World / Transport

Boeing agrees to $2.5b settlement of US criminal probe into 737 Max crashes

19:36 pm on 8 January 2021

Boeing Co will pay over $2.5 billion to resolve a US investigation into criminal conspiracy charges related to two fatal 737 Max crashes, the Justice Department said, but the planemaker will not be required to plead guilty.

A Boeing 737 Max (file picture) Photo: 123RF

The settlement includes a criminal fine of $243.6 million and compensation payments to Boeing's 737 Max airline customers of $1.77b, the Justice Department said. It also establishes a $500 million crash-victim beneficiaries fund to compensate heirs, relatives, and legal beneficiaries of passengers killed.

The 737 Max crashes in Indonesia and Ethiopia killed 346 people within five months in 2018 and 2019. They triggered a hailstorm of investigations, frayed US leadership in global aviation and have cost Boeing some $20b.

Plaintiffs' lawyers representing families of victims of the Ethiopian Airlines crash said they were moving forward with civil litigation against Boeing in Chicago.

"The allegations in the deferred prosecution agreement are just the tip of the iceberg of Boeing's wrongdoing," they said in a joint statement.

Boeing is facing around 140 lawsuits by Ethiopian crash victim families and has already settled most of the lawsuits related to the Lion Air disaster in Indonesia.

Because of the crashes, the US Congress in December passed legislation reforming how the Federal Aviation Administration (FAA) certifies new airplanes.

Acting Assistant Attorney General David P. Burns said the tragic crashes "exposed fraudulent and deceptive conduct by employees of one of the world's leading commercial airplane manufacturers."

"Boeing's employees chose the path of profit over candour by concealing material information from the FAA concerning the operation of its 737 Max airplane and engaging in an effort to cover up their deception," he said.

Boeing said it expects to incur additional charges of $743.6m in the fourth quarter as part of the settlement.

In March 2019 the 737 Max was grounded. The grounding was just lifted in November 2020, after Boeing made significant safety upgrades and improvements in pilot training.
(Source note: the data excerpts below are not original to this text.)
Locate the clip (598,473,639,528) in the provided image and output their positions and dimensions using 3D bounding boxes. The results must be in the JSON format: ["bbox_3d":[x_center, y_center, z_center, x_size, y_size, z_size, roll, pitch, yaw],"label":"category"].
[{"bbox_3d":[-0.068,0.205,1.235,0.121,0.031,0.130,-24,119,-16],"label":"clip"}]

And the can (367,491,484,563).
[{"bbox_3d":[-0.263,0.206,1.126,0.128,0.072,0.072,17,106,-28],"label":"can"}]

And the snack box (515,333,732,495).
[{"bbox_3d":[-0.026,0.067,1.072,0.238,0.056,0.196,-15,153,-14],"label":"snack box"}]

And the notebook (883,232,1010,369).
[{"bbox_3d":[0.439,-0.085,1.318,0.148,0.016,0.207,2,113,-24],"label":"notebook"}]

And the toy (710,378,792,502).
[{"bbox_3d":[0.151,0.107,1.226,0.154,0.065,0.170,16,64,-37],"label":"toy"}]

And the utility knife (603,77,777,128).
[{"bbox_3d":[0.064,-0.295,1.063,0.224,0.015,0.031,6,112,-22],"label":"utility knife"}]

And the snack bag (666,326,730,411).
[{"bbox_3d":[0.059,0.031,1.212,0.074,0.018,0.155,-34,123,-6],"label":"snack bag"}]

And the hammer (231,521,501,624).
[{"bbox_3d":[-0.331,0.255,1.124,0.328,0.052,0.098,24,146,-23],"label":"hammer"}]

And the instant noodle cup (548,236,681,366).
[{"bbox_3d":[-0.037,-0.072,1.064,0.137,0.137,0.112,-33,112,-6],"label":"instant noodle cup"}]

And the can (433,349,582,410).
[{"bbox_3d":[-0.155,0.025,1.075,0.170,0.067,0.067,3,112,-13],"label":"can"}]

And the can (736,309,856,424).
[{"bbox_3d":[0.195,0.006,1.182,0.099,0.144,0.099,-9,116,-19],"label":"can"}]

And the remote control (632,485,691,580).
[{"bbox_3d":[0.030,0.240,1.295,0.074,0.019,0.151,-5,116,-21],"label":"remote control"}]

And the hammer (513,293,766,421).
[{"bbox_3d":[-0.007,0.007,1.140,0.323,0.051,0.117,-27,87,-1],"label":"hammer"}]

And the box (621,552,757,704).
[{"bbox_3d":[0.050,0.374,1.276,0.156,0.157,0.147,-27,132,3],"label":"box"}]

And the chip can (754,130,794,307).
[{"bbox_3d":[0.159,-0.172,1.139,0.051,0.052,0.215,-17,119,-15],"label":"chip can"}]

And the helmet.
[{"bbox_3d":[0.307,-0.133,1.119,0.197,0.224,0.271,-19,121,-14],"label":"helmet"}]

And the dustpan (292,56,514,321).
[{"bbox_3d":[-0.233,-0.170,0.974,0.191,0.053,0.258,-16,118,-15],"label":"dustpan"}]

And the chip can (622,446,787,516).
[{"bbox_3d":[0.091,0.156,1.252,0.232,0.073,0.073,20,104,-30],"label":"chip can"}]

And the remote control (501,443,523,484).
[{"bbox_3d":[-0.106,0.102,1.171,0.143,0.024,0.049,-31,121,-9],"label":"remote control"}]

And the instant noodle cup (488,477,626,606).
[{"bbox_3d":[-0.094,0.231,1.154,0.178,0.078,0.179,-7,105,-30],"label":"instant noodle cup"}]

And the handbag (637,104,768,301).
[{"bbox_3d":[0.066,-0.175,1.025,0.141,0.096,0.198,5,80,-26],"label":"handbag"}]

Boeing was charged with one count of conspiracy to defraud the United States. The largest US airplane manufacturer faces a three-year deferred prosecution agreement, with the charge dismissed if it complies.

Boeing admitted in court documents that two of its 737 Max flight technical pilots deceived the FAA about a safety system called MCAS, which was tied to both fatal crashes.

Boeing chief executive David Calhoun said in a statement the agreement "appropriately acknowledges how we fell short of our values and expectations."

The deferred prosecution agreement discussed Boeing's financial incentive to secure training that would not require additional pilot simulator time, which could have deterred airlines from buying the plane.

Reuters has reported that Boeing managers told engineers working on the Max, including MCAS, their designs could not trigger more comprehensive training designations from the FAA.

One employee wrote another in 2014 that if the FAA required higher level training it would "cost Boeing tens of millions of dollars!"

The $243m fine, which the Justice Department said was at "low end" of the sentencing guidelines, represents the amount of money Boeing saved by not implementing full-flight simulator training for the 737 Max, the agreement stated.

On MCAS, Boeing disclosed to FAA personnel responsible for determining whether the Max met federal airworthiness standards but it did not disclose it to other FAA key personnel.

The Justice Department said it was not requiring an independent compliance monitor because "the misconduct was neither pervasive across the organization, nor undertaken by a large number of employees, nor facilitated by senior management."

Boeing's board in late 2019 removed its prior chief executive and has created a permanent aerospace safety committee. Boeing has adopted new policies and procedures and conducted training to clarify expectations and requirements governing communications between its flight technical pilots and regulatory authorities.

The airline payment fund will include prior payments already made by the Boeing to airlines, which had to cancel flights due to a shortage of aircraft.

The deal comes almost exactly a year after European rival Airbus agreed a record $4b settlement with France, Britain and the United States over allegations of bribery, fraud and corruption.

Together, the Boeing 737 Max safety scandal and the probe into the use of middlemen at Airbus represent the worst crises to hit the world's largest planemakers in decades and have left both rivals facing new compliance obligations.

DPAs are corporate plea bargains that typically allow a company to avoid criminal charges that could disrupt activities such as access to public contracts, in return for a fine and admission of wrongdoing, as well as internal reforms.